Lunch was a quiet affair. I didn't register too much, being sleep deprived and too caught up in other things to bother concentrating on anything else than chewing my food before swallowing. It would have continued that way, if Agnes hadn't started talking next to me, apparently to me, in a very odd voice. It sounded as if she was shocked and surprised, something which I wasn't used to in Agnes Lestrange, one of the most balanced and calm people in the world.

"Has anyone been watching the Gryffindors today?" She asked quietly.

"Nope. Granger's been watching me though," I answered while working my way through a ham and cheese pie. "Can't say they've done too much to earn any attention either."

"Granger has." Agnes nodded towards the bushy haired object of our conversation. "Haven't you seen the brooch she's wearing?"

"Brooch? Since when does Granger wear jewellery?" Millicent turned her head discreetly to watch the Gryffindor in question. "She's a no-nonsense girl, unlike Brown and the Gryffindor Patil."

"Well, what surprises me more than the fact that she's wearing it is what the brooch looks like." Agnes explained. "It's at least one snake, might be two. Isn't there and unwritten rule that no one but the member of a House is allowed to wear the House emblem? And besides, Gryffindors go out of their way not to be associated with snakes. She's wearing it as if she's done it since she was born. Has someone manipulated Granger's brain?"

"She's wearing the snakes?" I looked up sharply at Granger.

Agnes had been correct in her observations; Granger was sitting there in the middle of everything gold and red, wearing the Slytherin Cross I'd made. None of the Gryffindors, except Thomas and the little Weasley seemed to have even noticed she was wearing it, and everyone but those two ignored Granger. Potter looked like he wanted to be somewhere else and didn't even glance at Granger, and Weasley looked largely embarrassed at the whole thing. They still hadn't gotten over their quarrel, it seemed. Good for them. Quarrels among enemies was nothing but beneficial for us, and Slytherin needed every advantage we could get.

"You knew about those?" Agnes questioned.

"Of course. I made them." I sputtered, not thinking about what I had said before it was spoken.

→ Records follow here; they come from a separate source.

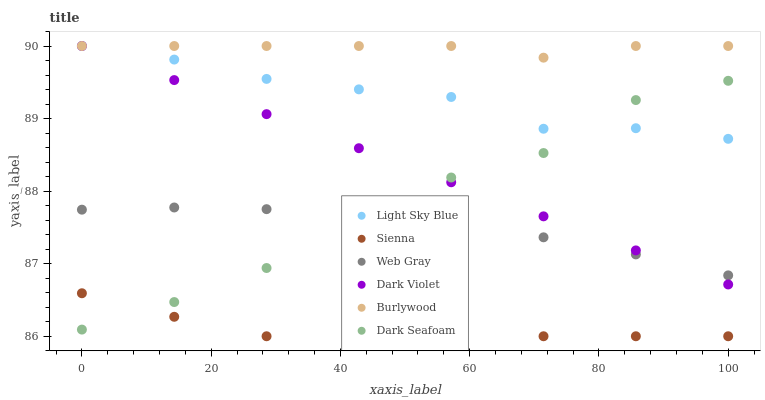Does Sienna have the minimum area under the curve?
Answer yes or no. Yes. Does Burlywood have the maximum area under the curve?
Answer yes or no. Yes. Does Dark Violet have the minimum area under the curve?
Answer yes or no. No. Does Dark Violet have the maximum area under the curve?
Answer yes or no. No. Is Dark Violet the smoothest?
Answer yes or no. Yes. Is Dark Seafoam the roughest?
Answer yes or no. Yes. Is Burlywood the smoothest?
Answer yes or no. No. Is Burlywood the roughest?
Answer yes or no. No. Does Sienna have the lowest value?
Answer yes or no. Yes. Does Dark Violet have the lowest value?
Answer yes or no. No. Does Light Sky Blue have the highest value?
Answer yes or no. Yes. Does Sienna have the highest value?
Answer yes or no. No. Is Sienna less than Web Gray?
Answer yes or no. Yes. Is Dark Violet greater than Sienna?
Answer yes or no. Yes. Does Light Sky Blue intersect Dark Seafoam?
Answer yes or no. Yes. Is Light Sky Blue less than Dark Seafoam?
Answer yes or no. No. Is Light Sky Blue greater than Dark Seafoam?
Answer yes or no. No. Does Sienna intersect Web Gray?
Answer yes or no. No. 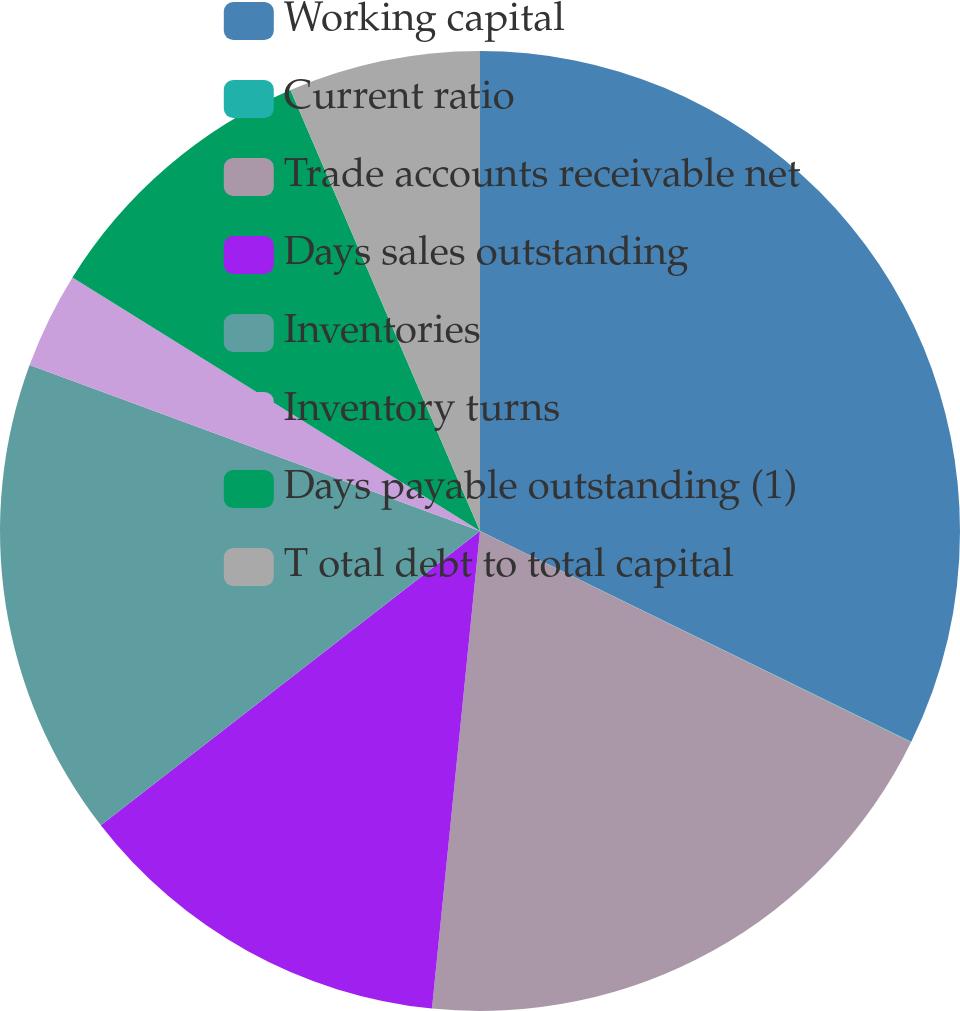Convert chart. <chart><loc_0><loc_0><loc_500><loc_500><pie_chart><fcel>Working capital<fcel>Current ratio<fcel>Trade accounts receivable net<fcel>Days sales outstanding<fcel>Inventories<fcel>Inventory turns<fcel>Days payable outstanding (1)<fcel>T otal debt to total capital<nl><fcel>32.23%<fcel>0.02%<fcel>19.34%<fcel>12.9%<fcel>16.12%<fcel>3.24%<fcel>9.68%<fcel>6.46%<nl></chart>

"You gave Granger jewellery? You fancy her?" Millicent snorted.

"No!" I spat, "I wanted to see if she'd actually wear it, and she did. I pointed that out, and ended up in detention because of her reaction. She shouldn't be wearing it now; she's supposed to be hating it. Why do all my plans end up in pieces?"

"Because they aren't plans, they're wild ideas." Agnes shrugged. "As your plans go, this one sound fascinating, and good even, but you've forgotten one important factor."

"And what's that?" I grumbled.

"Granger's a girl."

Agnes smiled mysteriously at me, and left the table. I sat there for a while, staring at my pie, puzzling over girls and their strange ways, before giving in and eating again. Girls were too much trouble to be worrying about at this time of day.

'

Ending Notes; And Blaise's left alone with his thoughts once again. I do that too much to him, I fear.